[Collected data]

━━━━━━━━━━

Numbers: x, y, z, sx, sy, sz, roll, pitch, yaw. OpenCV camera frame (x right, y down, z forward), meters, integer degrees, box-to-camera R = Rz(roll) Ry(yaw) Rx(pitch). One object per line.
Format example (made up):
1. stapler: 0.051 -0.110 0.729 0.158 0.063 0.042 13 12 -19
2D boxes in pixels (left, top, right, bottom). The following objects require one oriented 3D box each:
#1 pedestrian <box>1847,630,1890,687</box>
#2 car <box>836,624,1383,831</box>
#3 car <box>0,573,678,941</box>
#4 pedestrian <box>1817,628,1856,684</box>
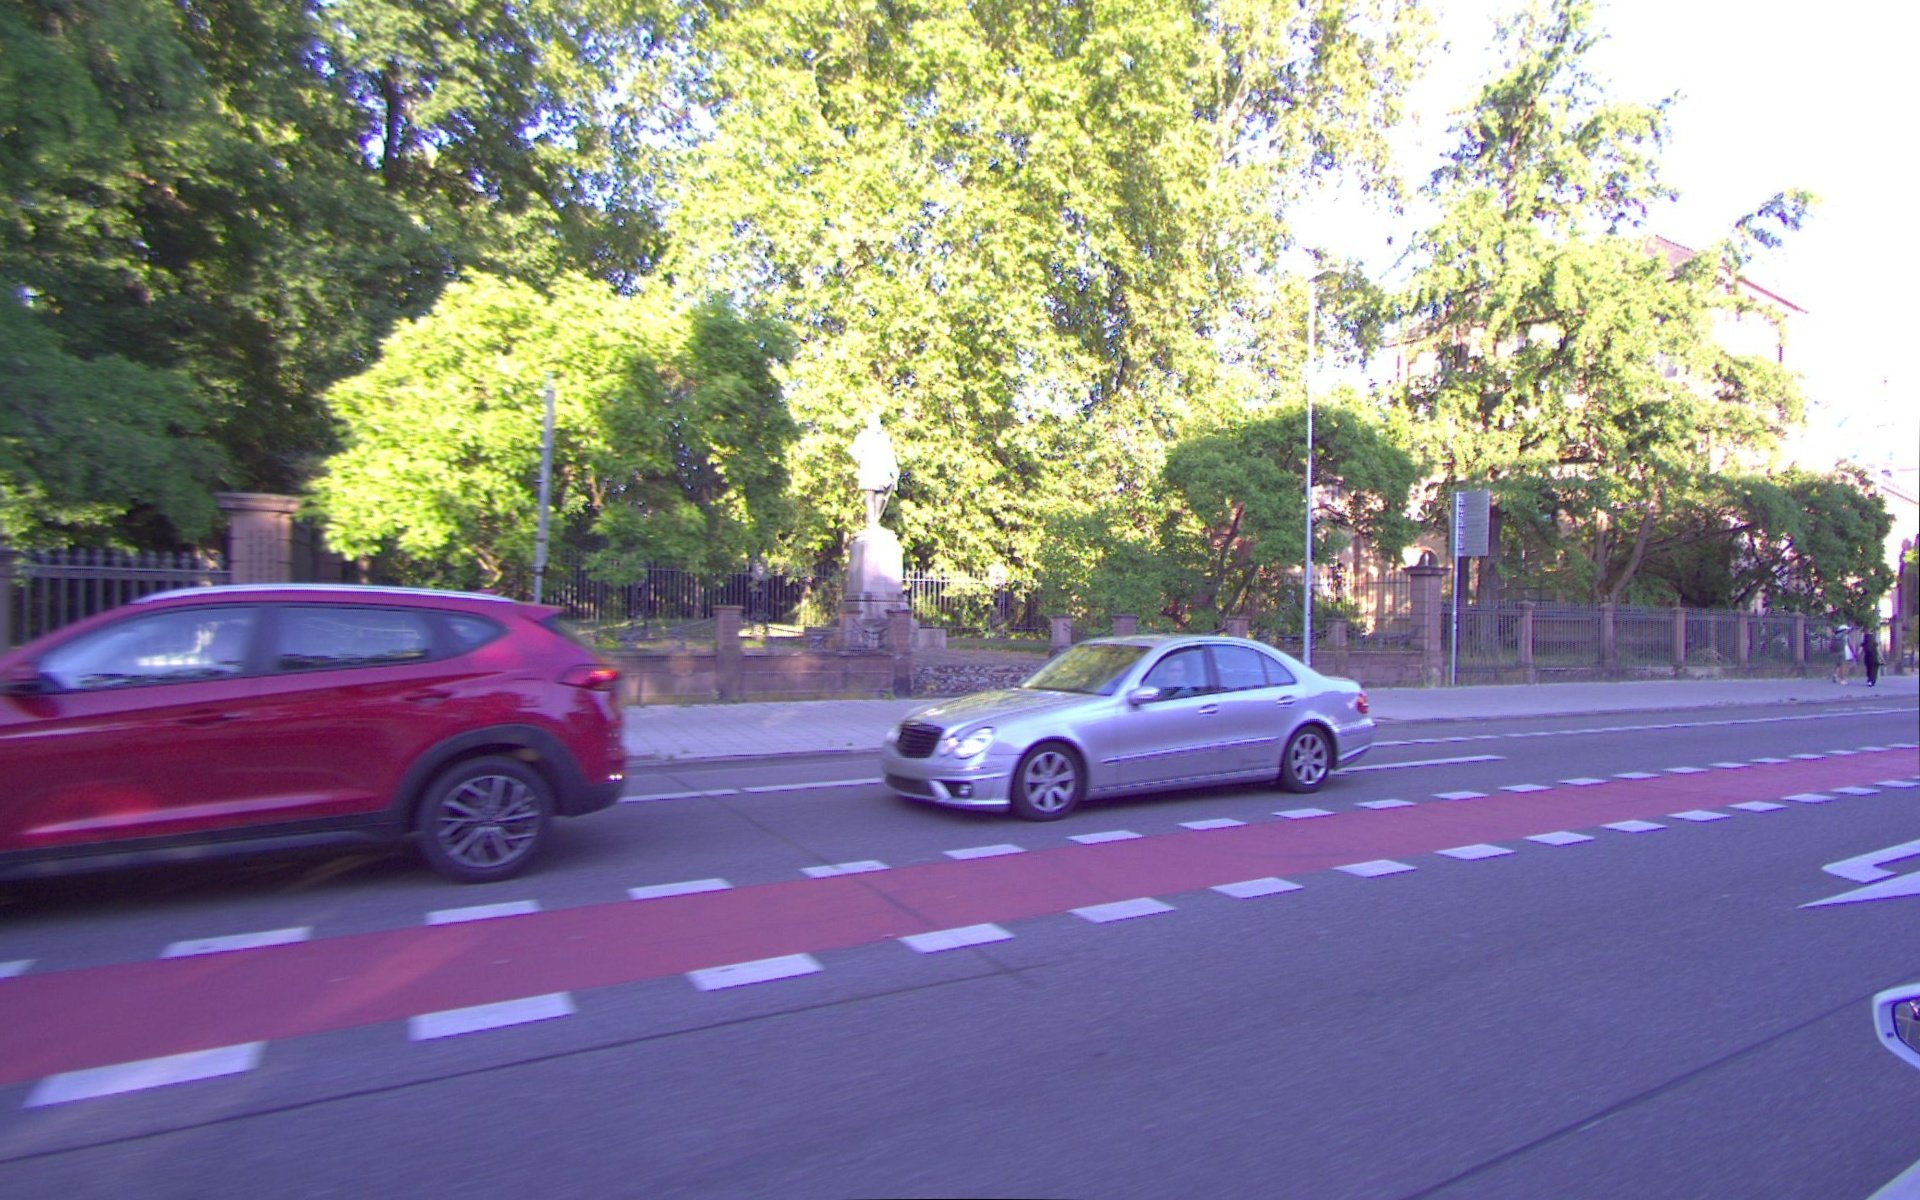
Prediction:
1. pedestrian: 26.773 1.717 29.604 0.678 1.644 0.680 1 -1 -19
2. car: 1.435 0.976 9.015 4.714 1.436 1.908 1 -3 -30
3. car: -4.148 0.754 5.712 4.584 1.646 1.908 1 -3 -30
4. pedestrian: 26.461 1.679 30.331 0.679 1.644 0.678 1 -1 -26

━━━━━━━━━━

__What is being asked__. I would like you to retype exactly the lines running from the one containing "#2 car <box>836,624,1383,831</box>" to the last line of the entries, both included, leaving all pictures out.

__Answer box__.
#2 car <box>836,624,1383,831</box>
#3 car <box>0,573,678,941</box>
#4 pedestrian <box>1817,628,1856,684</box>
Prediction:
1. pedestrian: 26.773 1.717 29.604 0.678 1.644 0.680 1 -1 -19
2. car: 1.435 0.976 9.015 4.714 1.436 1.908 1 -3 -30
3. car: -4.148 0.754 5.712 4.584 1.646 1.908 1 -3 -30
4. pedestrian: 26.461 1.679 30.331 0.679 1.644 0.678 1 -1 -26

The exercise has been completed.